The Woodstock Music and Art Fair in 1969 drew more than 450,000 people, who came together to celebrate "three days of peace and music". It was the biggest bash for the counterculture and is a reminder of the youthful hedonism and excess of the 60s.For four days, the site became a countercultural mini-nation in which minds were open, drugs were available and love was "free". The music began Friday afternoon at 5:07pm August 15 and continued until mid-morning Monday August 18. At the time, it held the record for the largest music audience in the world until the Summer Jam at Watkins Glen in 1973 drew 100,000 more people. It also created a massive traffic jam and closed the New York State Thruway, creating one of the worst traffic jams and making it impossible for another 25.000 people, on their way to Woodstock, to attend. It also inspired a slew of local and state laws to ensure that nothing like it would ever happen again. Woodstock, like only a handful of historical events, has become part of the culture’s outstanding moments. It has become an instant adjective denoting youthful hedonism and 60's excess, an amalgam that will never be reproduced again.
The bands appealed to the generation that was questioning the direction of American society. Many of the most influential artists were at the festival, and it was their influence on the youth that brought them together. Although the festival was remarkably peaceful given the number of people and the conditions involved, there were two recorded fatalities: one from what was believed to be a heroin overdose; another caused by an occupied sleeping bag accidentally being run over by a tractor in a nearby hayfield. There were also two births recorded at the event (one in a car caught in traffic and another in a helicopter) and four miscarriages. Yet, in tune with the idealistic hopes of the 1960s, Woodstock satisfied most attendees. Especially memorable were the sense of social harmony, the quality of music, and the overwhelming mass of people, many sporting bohemian dress, behavior, and attitudes.
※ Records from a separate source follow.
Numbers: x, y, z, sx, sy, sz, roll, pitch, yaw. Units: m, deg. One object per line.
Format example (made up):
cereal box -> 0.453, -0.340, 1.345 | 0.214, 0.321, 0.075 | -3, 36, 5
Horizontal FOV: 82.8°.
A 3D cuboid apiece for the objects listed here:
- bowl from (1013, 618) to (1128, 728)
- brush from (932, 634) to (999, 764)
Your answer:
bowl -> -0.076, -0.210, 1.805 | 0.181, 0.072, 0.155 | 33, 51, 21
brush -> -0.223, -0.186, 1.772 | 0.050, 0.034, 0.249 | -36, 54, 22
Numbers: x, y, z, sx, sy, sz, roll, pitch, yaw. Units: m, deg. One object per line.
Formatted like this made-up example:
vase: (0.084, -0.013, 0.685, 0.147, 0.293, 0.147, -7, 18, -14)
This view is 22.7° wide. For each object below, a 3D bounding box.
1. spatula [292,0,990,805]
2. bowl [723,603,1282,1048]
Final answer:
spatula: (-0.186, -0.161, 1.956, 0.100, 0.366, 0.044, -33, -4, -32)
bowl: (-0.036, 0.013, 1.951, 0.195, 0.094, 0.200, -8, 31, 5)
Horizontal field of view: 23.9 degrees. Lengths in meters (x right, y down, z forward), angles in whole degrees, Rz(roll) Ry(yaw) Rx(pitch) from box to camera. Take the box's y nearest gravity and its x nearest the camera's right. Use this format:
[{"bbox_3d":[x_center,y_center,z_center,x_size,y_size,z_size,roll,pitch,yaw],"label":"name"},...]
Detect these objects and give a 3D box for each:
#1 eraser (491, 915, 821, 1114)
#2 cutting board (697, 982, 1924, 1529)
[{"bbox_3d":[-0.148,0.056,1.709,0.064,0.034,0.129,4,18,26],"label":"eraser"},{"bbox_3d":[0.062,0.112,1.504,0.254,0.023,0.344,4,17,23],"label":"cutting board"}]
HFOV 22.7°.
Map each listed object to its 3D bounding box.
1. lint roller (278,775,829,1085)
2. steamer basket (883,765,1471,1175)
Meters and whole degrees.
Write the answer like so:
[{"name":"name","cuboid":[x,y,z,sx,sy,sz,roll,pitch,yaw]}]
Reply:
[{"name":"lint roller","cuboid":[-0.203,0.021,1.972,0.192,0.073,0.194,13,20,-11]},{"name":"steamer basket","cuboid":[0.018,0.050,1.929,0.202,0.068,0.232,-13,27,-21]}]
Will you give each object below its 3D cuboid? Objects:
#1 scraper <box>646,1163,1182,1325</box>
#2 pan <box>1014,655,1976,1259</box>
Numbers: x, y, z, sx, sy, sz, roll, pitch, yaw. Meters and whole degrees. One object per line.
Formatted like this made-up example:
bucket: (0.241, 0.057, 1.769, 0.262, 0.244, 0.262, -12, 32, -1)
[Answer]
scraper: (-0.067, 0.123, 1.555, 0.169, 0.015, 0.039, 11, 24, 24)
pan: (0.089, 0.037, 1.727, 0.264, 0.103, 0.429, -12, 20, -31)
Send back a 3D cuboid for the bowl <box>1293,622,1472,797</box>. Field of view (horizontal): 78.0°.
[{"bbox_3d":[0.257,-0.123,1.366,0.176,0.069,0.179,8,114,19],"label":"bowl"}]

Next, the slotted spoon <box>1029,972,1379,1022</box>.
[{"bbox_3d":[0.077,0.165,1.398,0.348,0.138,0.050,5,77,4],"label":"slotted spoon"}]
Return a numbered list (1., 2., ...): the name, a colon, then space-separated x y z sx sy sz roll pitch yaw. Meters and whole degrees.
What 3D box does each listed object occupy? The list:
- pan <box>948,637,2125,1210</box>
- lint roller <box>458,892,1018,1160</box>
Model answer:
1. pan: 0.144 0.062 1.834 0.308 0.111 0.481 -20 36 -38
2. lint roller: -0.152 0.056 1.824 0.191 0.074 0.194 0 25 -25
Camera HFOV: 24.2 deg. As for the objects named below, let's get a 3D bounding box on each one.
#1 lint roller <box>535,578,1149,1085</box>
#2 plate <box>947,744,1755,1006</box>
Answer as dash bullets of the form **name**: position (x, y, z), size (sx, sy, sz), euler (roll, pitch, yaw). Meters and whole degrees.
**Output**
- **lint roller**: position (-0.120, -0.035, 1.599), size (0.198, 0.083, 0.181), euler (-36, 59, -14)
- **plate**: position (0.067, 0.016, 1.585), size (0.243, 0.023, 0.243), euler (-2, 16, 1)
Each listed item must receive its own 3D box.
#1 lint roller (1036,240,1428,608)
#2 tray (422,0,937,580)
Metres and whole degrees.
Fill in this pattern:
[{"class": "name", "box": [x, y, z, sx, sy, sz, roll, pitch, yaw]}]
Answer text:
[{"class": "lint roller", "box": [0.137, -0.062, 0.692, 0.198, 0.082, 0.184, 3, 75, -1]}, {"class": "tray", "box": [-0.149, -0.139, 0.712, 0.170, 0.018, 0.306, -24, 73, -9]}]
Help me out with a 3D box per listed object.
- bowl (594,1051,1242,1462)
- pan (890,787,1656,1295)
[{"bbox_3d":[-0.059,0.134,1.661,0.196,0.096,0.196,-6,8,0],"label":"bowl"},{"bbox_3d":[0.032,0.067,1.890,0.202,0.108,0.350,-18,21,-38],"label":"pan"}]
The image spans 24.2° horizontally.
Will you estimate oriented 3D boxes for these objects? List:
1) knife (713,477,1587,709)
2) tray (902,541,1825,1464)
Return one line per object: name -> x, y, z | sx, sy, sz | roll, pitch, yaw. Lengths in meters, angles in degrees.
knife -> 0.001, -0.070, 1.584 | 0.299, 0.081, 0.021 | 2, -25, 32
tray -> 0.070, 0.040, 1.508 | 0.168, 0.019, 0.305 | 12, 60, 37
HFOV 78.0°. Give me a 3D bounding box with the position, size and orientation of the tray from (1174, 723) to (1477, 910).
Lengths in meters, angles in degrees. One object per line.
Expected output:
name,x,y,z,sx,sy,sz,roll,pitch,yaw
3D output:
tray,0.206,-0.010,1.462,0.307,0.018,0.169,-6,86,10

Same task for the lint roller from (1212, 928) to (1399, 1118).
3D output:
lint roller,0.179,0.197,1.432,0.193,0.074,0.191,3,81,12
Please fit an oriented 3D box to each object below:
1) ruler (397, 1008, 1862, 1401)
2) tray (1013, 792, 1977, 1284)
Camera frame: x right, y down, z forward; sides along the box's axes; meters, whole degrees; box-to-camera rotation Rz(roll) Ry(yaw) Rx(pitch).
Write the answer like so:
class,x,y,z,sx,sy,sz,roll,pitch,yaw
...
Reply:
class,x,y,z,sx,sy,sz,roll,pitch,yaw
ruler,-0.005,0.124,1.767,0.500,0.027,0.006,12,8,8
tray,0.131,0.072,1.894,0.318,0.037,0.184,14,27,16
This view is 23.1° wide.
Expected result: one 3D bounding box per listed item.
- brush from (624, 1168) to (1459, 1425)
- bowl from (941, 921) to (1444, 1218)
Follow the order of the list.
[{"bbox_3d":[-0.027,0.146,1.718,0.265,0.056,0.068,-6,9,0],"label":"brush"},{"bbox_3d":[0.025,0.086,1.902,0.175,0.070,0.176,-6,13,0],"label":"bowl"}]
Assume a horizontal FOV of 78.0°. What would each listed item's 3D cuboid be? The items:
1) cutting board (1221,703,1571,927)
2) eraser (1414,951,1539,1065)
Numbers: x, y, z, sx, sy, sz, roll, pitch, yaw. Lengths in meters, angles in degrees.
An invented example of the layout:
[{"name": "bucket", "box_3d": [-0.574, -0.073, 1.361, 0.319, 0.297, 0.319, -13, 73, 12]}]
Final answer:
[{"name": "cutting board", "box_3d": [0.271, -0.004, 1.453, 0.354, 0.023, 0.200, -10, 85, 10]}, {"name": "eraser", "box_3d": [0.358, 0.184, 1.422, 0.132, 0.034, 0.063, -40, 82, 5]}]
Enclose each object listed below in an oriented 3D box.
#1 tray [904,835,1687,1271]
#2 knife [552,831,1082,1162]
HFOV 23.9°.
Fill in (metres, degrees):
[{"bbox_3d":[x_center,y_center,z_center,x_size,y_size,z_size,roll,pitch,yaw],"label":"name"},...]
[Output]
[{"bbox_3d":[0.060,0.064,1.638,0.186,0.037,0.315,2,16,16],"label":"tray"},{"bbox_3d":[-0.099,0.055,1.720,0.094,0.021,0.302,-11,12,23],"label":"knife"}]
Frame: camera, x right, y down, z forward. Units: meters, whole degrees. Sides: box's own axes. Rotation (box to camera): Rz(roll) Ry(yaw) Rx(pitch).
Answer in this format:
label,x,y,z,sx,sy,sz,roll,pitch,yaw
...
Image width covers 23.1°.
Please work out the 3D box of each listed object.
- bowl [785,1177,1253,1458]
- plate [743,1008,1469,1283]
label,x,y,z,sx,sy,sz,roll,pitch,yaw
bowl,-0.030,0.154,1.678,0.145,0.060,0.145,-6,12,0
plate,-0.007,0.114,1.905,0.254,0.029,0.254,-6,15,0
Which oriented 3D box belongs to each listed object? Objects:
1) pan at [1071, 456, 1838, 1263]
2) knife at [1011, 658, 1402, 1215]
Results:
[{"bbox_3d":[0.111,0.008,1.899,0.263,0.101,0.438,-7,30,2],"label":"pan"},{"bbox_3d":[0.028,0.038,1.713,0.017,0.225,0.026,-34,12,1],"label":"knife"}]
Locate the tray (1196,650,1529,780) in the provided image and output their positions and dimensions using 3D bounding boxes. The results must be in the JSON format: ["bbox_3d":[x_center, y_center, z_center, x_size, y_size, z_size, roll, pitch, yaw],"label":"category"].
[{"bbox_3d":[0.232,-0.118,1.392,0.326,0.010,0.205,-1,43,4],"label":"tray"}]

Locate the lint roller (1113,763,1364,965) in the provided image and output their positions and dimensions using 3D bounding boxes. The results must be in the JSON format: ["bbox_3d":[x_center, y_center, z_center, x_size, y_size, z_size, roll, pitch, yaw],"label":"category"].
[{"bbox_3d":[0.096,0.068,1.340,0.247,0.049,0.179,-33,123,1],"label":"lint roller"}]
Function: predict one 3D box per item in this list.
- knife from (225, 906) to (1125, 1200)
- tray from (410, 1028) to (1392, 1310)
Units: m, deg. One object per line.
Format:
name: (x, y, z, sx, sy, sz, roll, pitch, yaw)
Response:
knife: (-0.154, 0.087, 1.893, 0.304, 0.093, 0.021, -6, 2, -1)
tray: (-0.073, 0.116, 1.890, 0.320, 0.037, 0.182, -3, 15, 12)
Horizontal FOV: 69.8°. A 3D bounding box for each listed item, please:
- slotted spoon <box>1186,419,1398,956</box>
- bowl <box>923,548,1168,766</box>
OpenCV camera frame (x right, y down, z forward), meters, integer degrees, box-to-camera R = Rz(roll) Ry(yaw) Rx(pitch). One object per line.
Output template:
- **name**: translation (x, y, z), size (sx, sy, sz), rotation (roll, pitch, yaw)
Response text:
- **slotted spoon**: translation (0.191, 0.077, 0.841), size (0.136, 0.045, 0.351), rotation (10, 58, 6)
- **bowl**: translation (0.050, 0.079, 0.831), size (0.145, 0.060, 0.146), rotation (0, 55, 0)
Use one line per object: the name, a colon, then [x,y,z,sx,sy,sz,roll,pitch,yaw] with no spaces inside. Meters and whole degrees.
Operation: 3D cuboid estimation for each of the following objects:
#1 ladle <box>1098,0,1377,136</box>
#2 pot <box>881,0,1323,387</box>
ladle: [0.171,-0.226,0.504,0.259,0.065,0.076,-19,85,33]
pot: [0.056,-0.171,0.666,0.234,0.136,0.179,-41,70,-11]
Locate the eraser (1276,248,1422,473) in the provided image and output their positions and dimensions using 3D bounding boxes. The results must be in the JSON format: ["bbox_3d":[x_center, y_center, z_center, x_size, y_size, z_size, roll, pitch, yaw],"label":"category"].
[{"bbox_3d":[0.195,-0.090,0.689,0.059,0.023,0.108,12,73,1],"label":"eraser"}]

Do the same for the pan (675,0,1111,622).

After all it was seen as a victory of peace and love. Nearly half a million people filled with possibilities of disaster, riot, looting, and catastrophe spent the three days with music and peace on their minds. Sound for the concert was engineered by Bill Hanley, whose innovations in the sound industry have earned him the prestigious Parnelli Award.
Despite delays, the danger of electrical shocks and general backstage anarchy, Woodstock pulled off the ultimate magic act of the 1960s: turning utter rain-soaked chaos into the greatest rock festival ever and the decade's most famous and successful experiment in peace and community.
On Monday, August 18th, they all melted back into America after witnessing legendary performances by, among others, the Who, Santana, Janis Joplin, Creedence Clearwater Revival, Joe Cocker, Sly and the Family Stone, Jimi Hendrix and, in only their second live show together, Crosby, Stills, Nash and Young.
A plaque has been placed at the original site commemorating the festival. The field and the stage area remain preserved in their rural setting. On the field are the remnants of a neon flower and bass from the original concert. In the middle of the field, there is a totem pole with wood carvings of Jimi Hendrix on the bottom, Janis Joplin in the middle, and Jerry Garcia on top. A concert hall has been erected up the hill, and the fields of the old Yasgur farm are still visited by people of all generations.